Re: [PATCH v11 17/20] x86/kexec: Flush cache of TDX private memory

From: kirill . shutemov
Date: Fri Jun 09 2023 - 06:27:45 EST


On Mon, Jun 05, 2023 at 02:27:30AM +1200, Kai Huang wrote:
> There are two problems in terms of using kexec() to boot to a new kernel
> when the old kernel has enabled TDX: 1) Part of the memory pages are
> still TDX private pages; 2) There might be dirty cachelines associated
> with TDX private pages.
>
> The first problem doesn't matter on the platforms w/o the "partial write
> machine check" erratum. KeyID 0 doesn't have integrity check. If the
> new kernel wants to use any non-zero KeyID, it needs to convert the
> memory to that KeyID and such conversion would work from any KeyID.
>
> However the old kernel needs to guarantee there's no dirty cacheline
> left behind before booting to the new kernel to avoid silent corruption
> from later cacheline writeback (Intel hardware doesn't guarantee cache
> coherency across different KeyIDs).
>
> There are two things that the old kernel needs to do to achieve that:
>
> 1) Stop accessing TDX private memory mappings:
> a. Stop making TDX module SEAMCALLs (TDX global KeyID);
> b. Stop TDX guests from running (per-guest TDX KeyID).
> 2) Flush any cachelines from previous TDX private KeyID writes.
>
> For 2), use wbinvd() to flush cache in stop_this_cpu(), following SME
> support. And in this way 1) happens for free as there's no TDX activity
> between wbinvd() and the native_halt().
>
> Flushing cache in stop_this_cpu() only flushes cache on remote cpus.
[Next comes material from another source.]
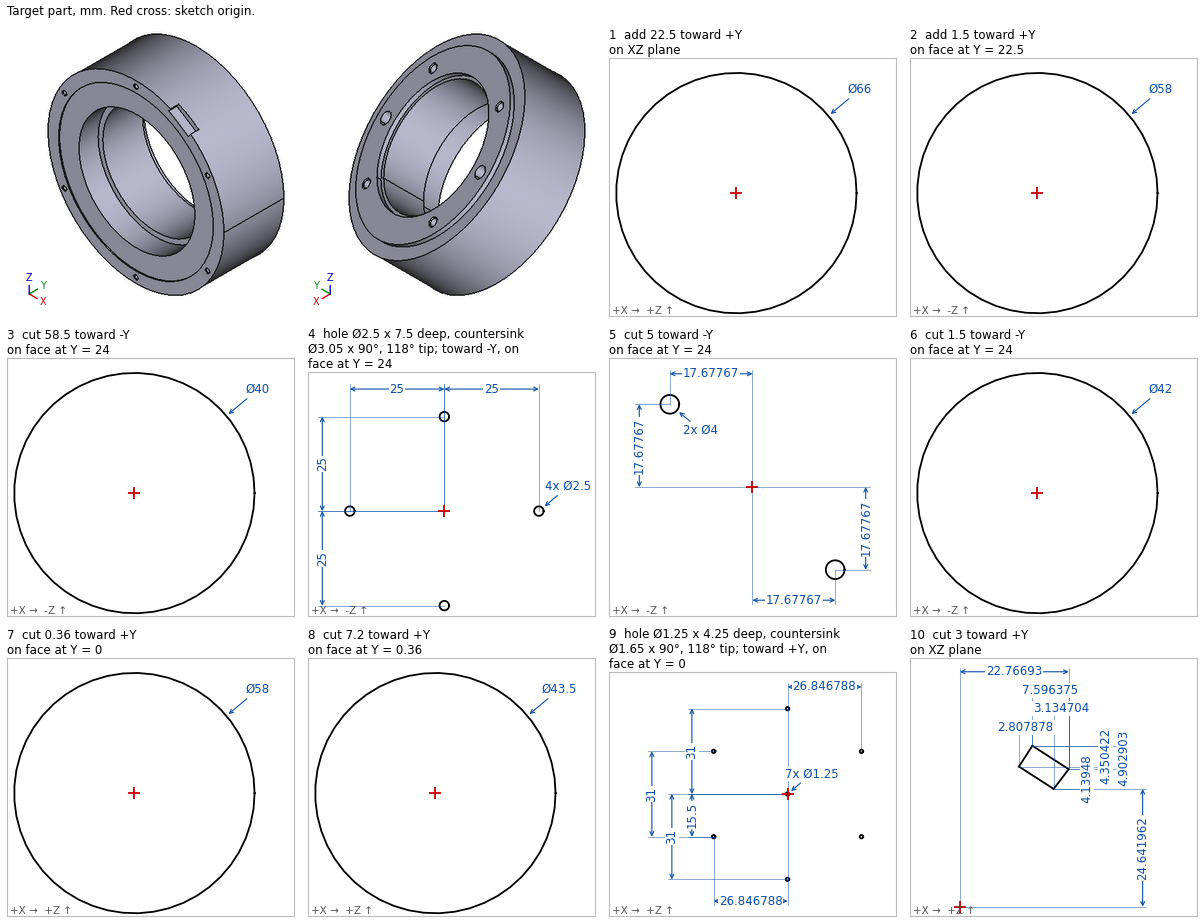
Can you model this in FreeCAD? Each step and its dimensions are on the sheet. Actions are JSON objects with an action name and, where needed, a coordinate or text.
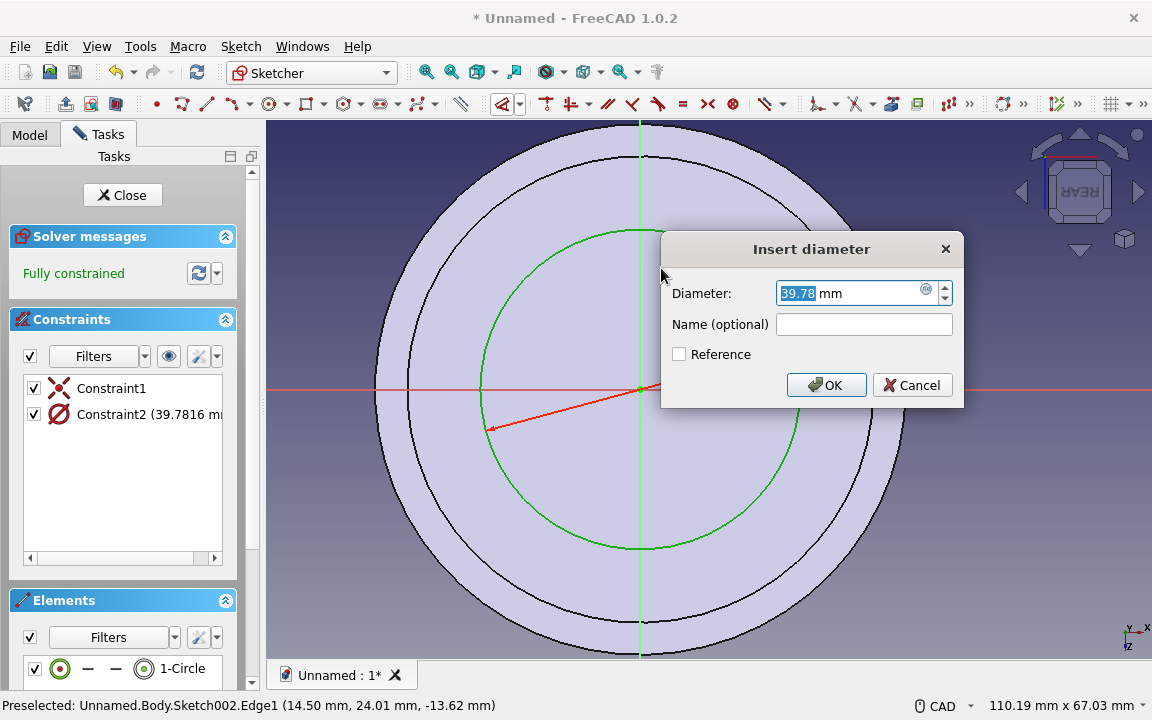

On
> the cpu which does kexec(), unlike SME which does the cache flush in
> relocate_kernel(), do the cache flush right after stopping remote cpus
> in machine_shutdown(). This is because on the platforms with above
> erratum, the kernel needs to convert all TDX private pages back to
> normal before a fast warm reset reboot or booting to the new kernel in
> kexec(). Flushing cache in relocate_kernel() only covers the kexec()
> but not the fast warm reset reboot.
>
> Theoretically, cache flush is only needed when the TDX module has been
> initialized. However initializing the TDX module is done on demand at
> runtime, and it takes a mutex to read the module status. Just check
> whether TDX is enabled by the BIOS instead to flush cache.
>
> Signed-off-by: Kai Huang <kai.huang@xxxxxxxxx>
> Reviewed-by: Isaku Yamahata <isaku.yamahata@xxxxxxxxx>

Reviewed-by: Kirill A. Shutemov <kirill.shutemov@xxxxxxxxxxxxxxx>

--
Kiryl Shutsemau / Kirill A. Shutemov